- _Task brief_:
Give the entries again exactly, without pictures.

- _Data section_:
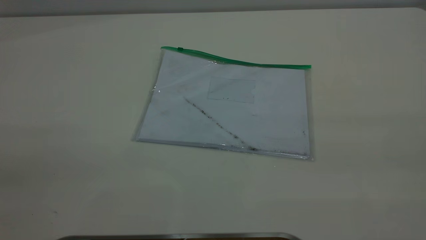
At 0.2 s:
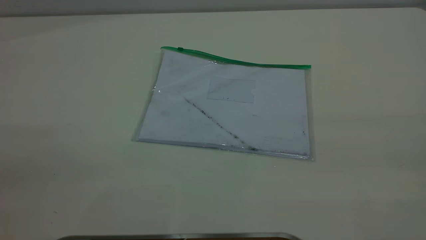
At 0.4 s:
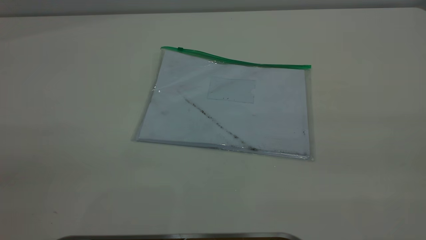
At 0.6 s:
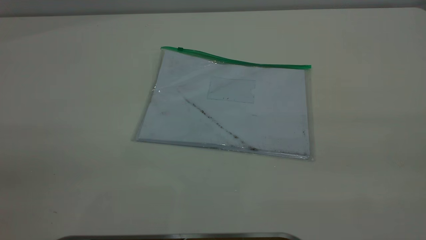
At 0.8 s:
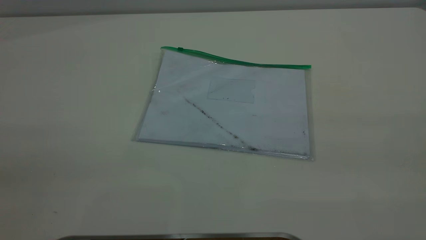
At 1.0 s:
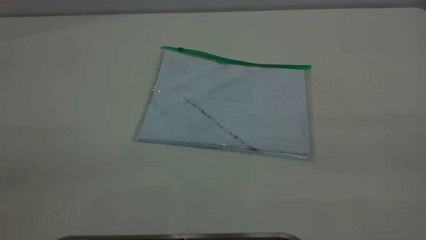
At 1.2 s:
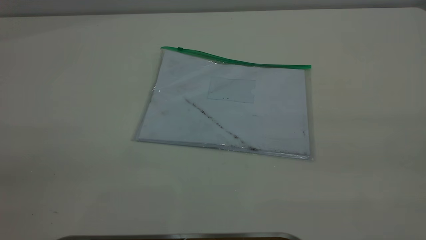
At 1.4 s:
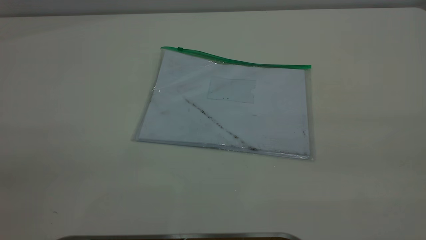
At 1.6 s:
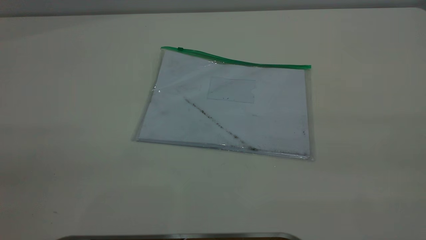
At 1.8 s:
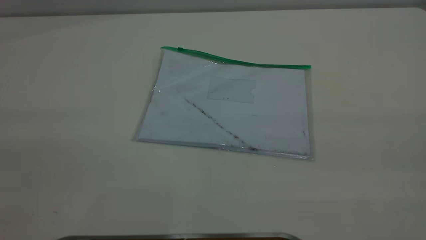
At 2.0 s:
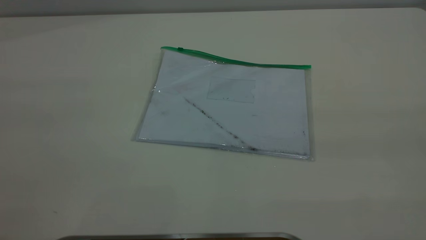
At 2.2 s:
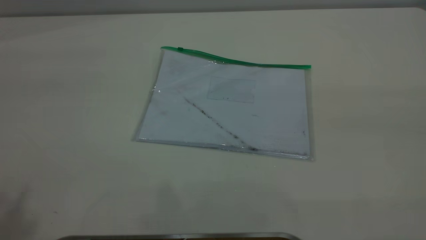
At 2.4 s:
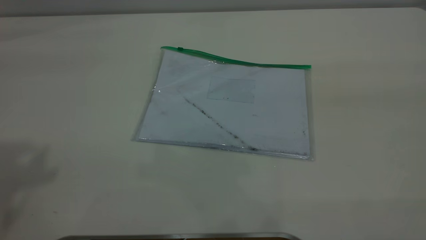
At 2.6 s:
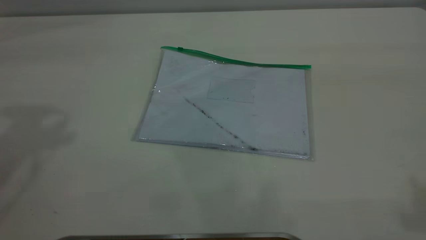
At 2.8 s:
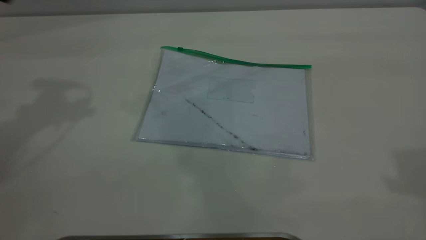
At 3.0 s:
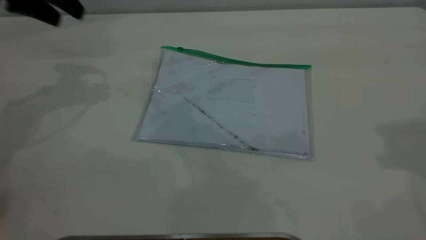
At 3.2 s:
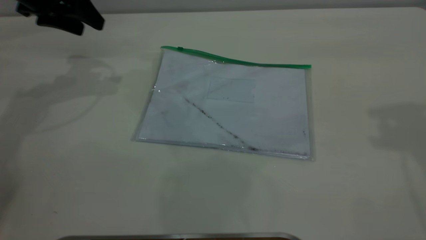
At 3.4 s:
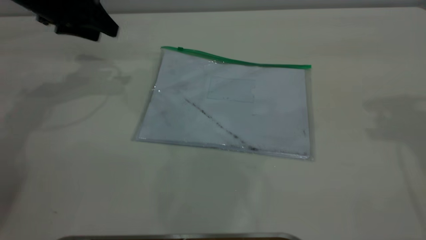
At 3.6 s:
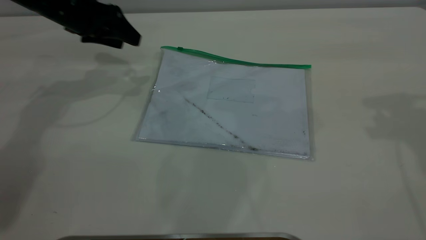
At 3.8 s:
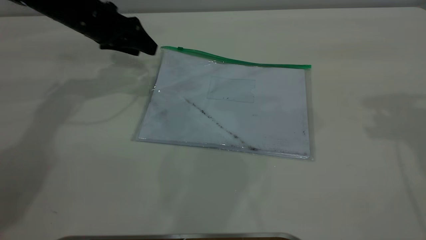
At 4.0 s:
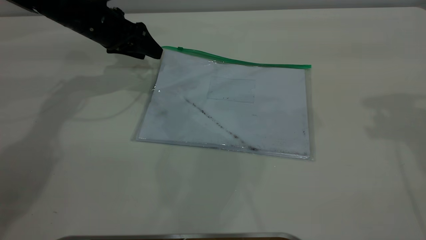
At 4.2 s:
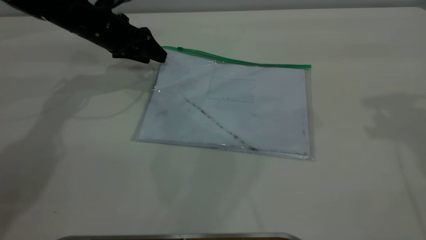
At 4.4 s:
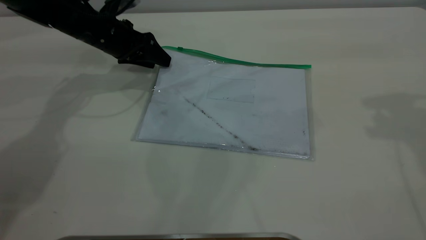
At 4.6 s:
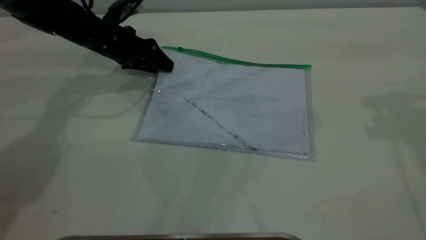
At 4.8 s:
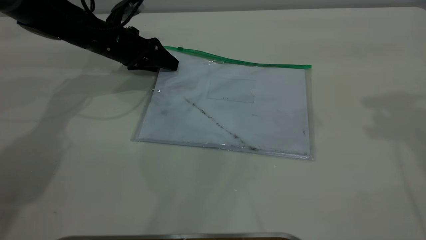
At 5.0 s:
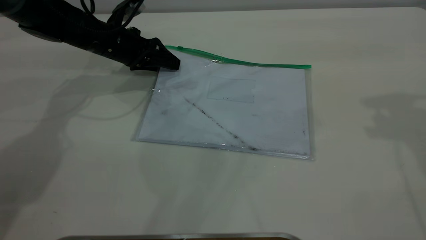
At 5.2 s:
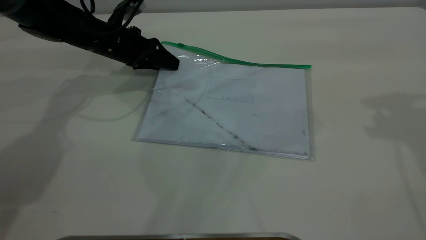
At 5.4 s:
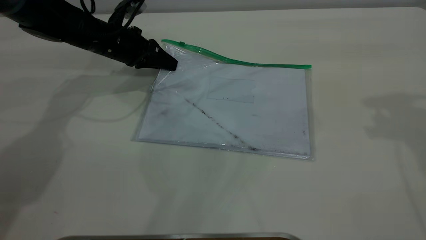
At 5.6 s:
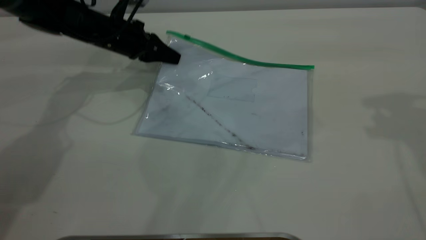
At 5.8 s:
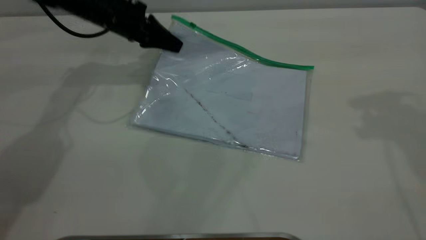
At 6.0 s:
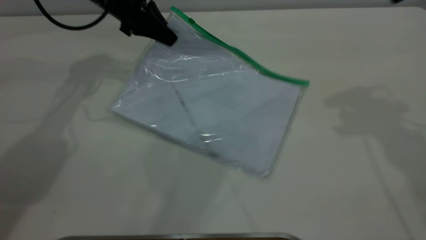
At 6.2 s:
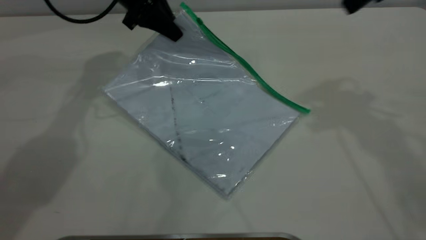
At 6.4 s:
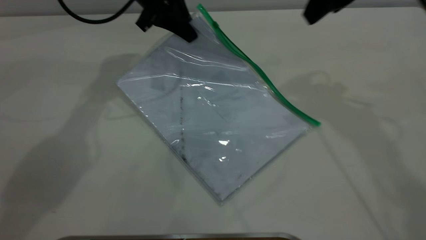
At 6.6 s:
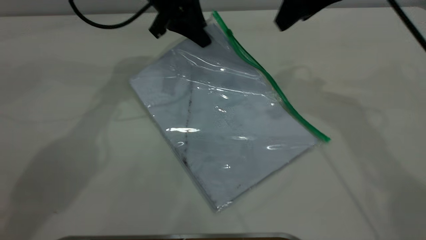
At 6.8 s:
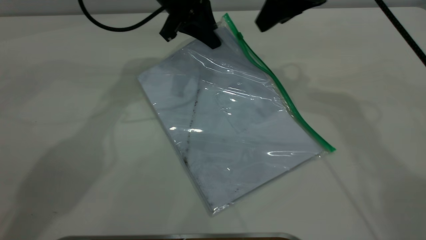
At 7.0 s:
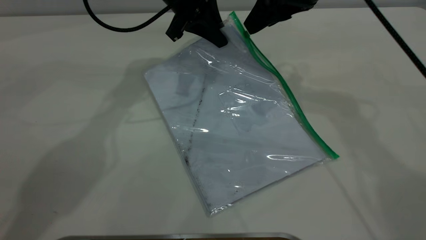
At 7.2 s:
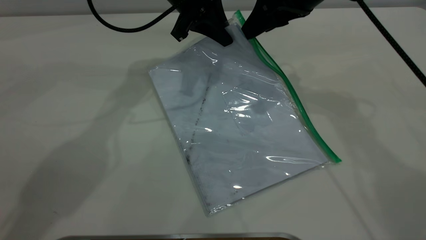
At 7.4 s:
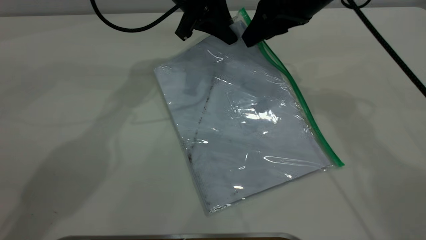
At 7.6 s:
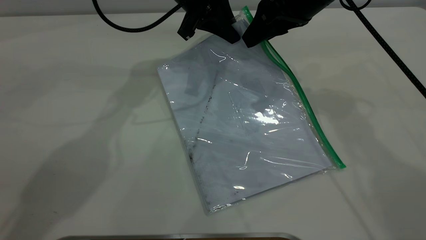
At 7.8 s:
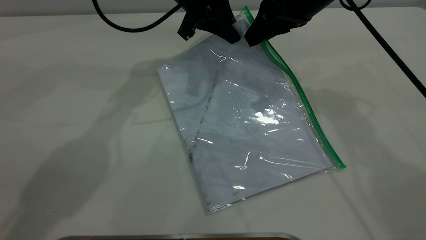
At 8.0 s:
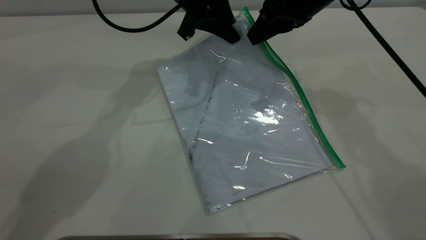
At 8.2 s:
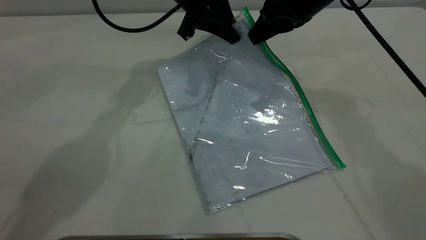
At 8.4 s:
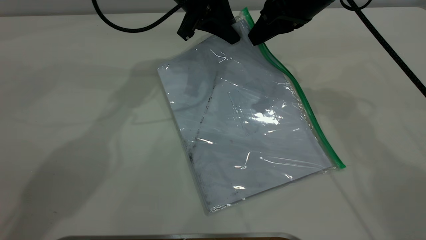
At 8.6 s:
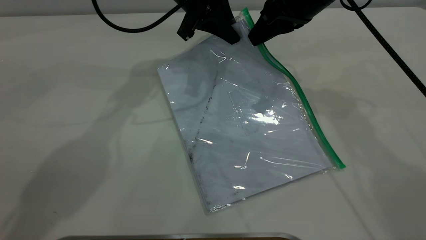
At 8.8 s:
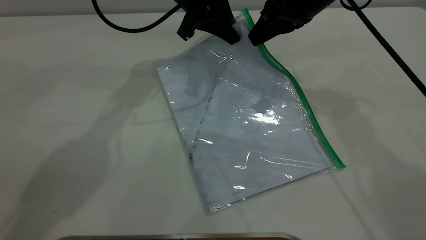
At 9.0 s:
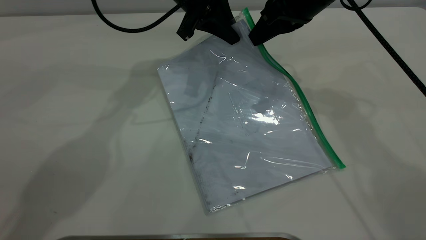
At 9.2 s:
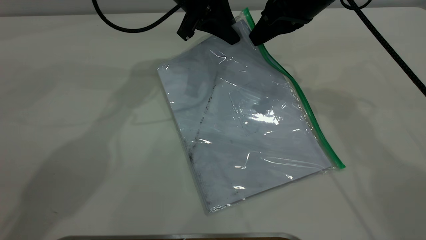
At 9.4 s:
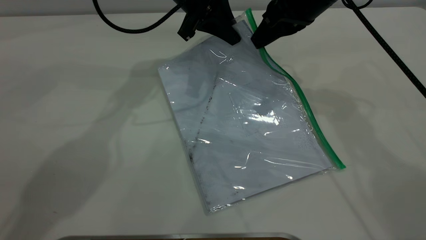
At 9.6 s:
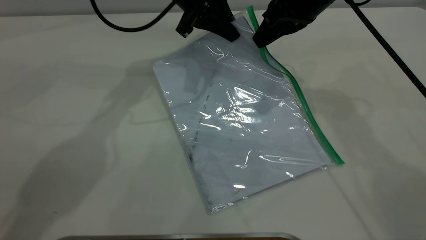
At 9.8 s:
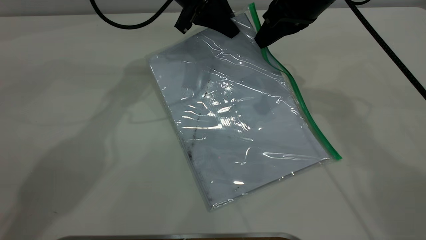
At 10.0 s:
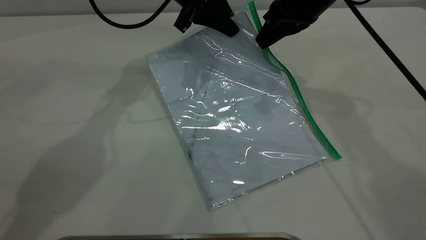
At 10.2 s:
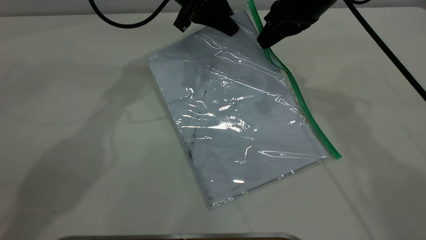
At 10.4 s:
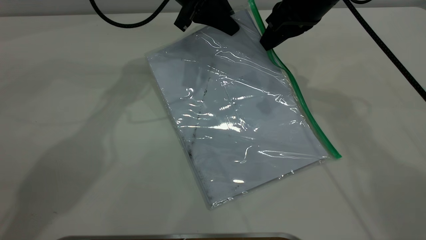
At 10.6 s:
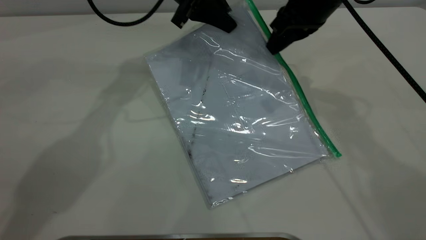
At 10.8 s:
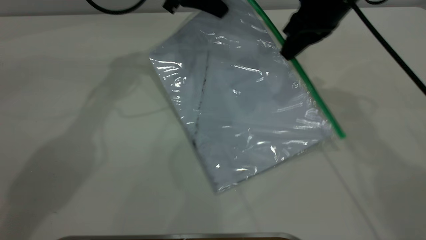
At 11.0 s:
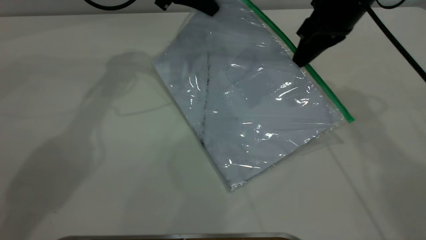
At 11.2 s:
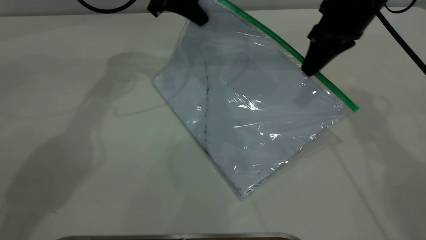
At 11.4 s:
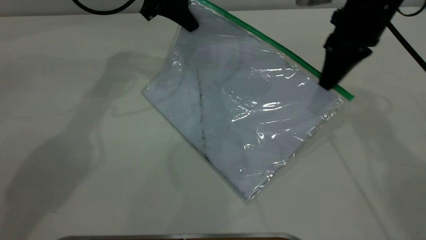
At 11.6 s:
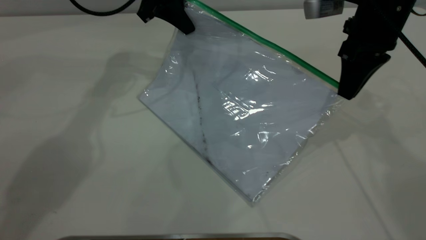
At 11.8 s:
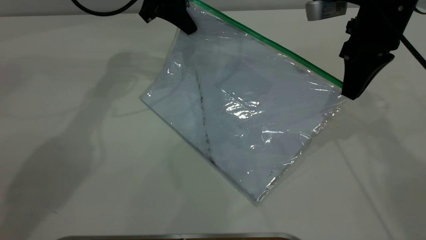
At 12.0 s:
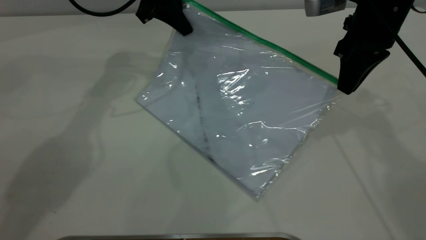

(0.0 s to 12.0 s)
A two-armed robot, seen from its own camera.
Step, 0.0 s - 5.8 s: Pick up the transparent plastic bag with the left gripper.
0.0 s - 1.6 s: Both grippers stay put.
1.6 s - 3.0 s: The left gripper goes some 40 cm forward.
3.0 s - 4.4 s: The right gripper is displaced forward by some 5 cm, while the left gripper heads downward and to the right, covering roughly 15 cm.
4.4 s - 6.0 s: The right gripper moves to the left, roughly 5 cm; the left gripper goes some 5 cm upward, and closes up.
6.0 s - 7.6 s: The right gripper goes approximately 15 cm to the left, downward and forward, while the left gripper shifts some 10 cm to the right.
7.6 s - 9.0 s: The right gripper closes its fingers.
9.0 s - 10.4 s: The grippers move only a little.
10.4 s - 12.0 s: The right gripper shifts some 5 cm to the right. The left gripper moves to the left, some 5 cm.

- _Your response_:
At 0.2 s:
At 0.4 s:
At 0.6 s:
At 0.8 s:
At 1.0 s:
At 1.2 s:
At 1.4 s:
At 1.6 s:
At 1.8 s:
At 2.0 s:
At 2.2 s:
At 2.4 s:
At 2.6 s:
At 2.8 s:
At 3.0 s:
At 3.2 s:
At 3.4 s:
At 3.6 s:
At 3.8 s:
At 4.0 s:
At 4.2 s:
At 4.4 s:
At 4.6 s:
At 4.8 s:
At 5.0 s:
At 5.2 s:
At 5.4 s:
At 5.6 s:
At 5.8 s:
At 6.0 s:
At 6.2 s:
At 6.4 s:
At 6.6 s:
At 6.8 s:
At 7.0 s:
At 7.2 s:
At 7.4 s:
At 7.6 s:
At 7.8 s:
At 8.0 s:
At 8.2 s:
At 8.4 s:
At 8.6 s:
At 8.8 s:
At 9.0 s:
At 9.2 s:
At 9.4 s:
At 9.6 s:
At 9.8 s:
At 10.0 s:
At 10.2 s:
At 10.4 s:
At 10.6 s:
At 10.8 s:
At 11.0 s:
At 11.2 s:
At 11.4 s:
At 11.6 s:
At 11.8 s:
At 12.0 s:

(0.0 s to 12.0 s)
A two-armed robot, seen from its own camera.
Step, 0.0 s - 5.8 s: Pick up the transparent plastic bag with the left gripper.
0.0 s - 1.6 s: Both grippers stay put.
1.6 s - 3.0 s: The left gripper goes some 40 cm forward.
3.0 s - 4.4 s: The right gripper is displaced forward by some 5 cm, while the left gripper heads downward and to the right, covering roughly 15 cm.
4.4 s - 6.0 s: The right gripper moves to the left, roughly 5 cm; the left gripper goes some 5 cm upward, and closes up.
6.0 s - 7.6 s: The right gripper goes approximately 15 cm to the left, downward and forward, while the left gripper shifts some 10 cm to the right.
7.6 s - 9.0 s: The right gripper closes its fingers.
9.0 s - 10.4 s: The grippers move only a little.
10.4 s - 12.0 s: The right gripper shifts some 5 cm to the right. The left gripper moves to the left, some 5 cm.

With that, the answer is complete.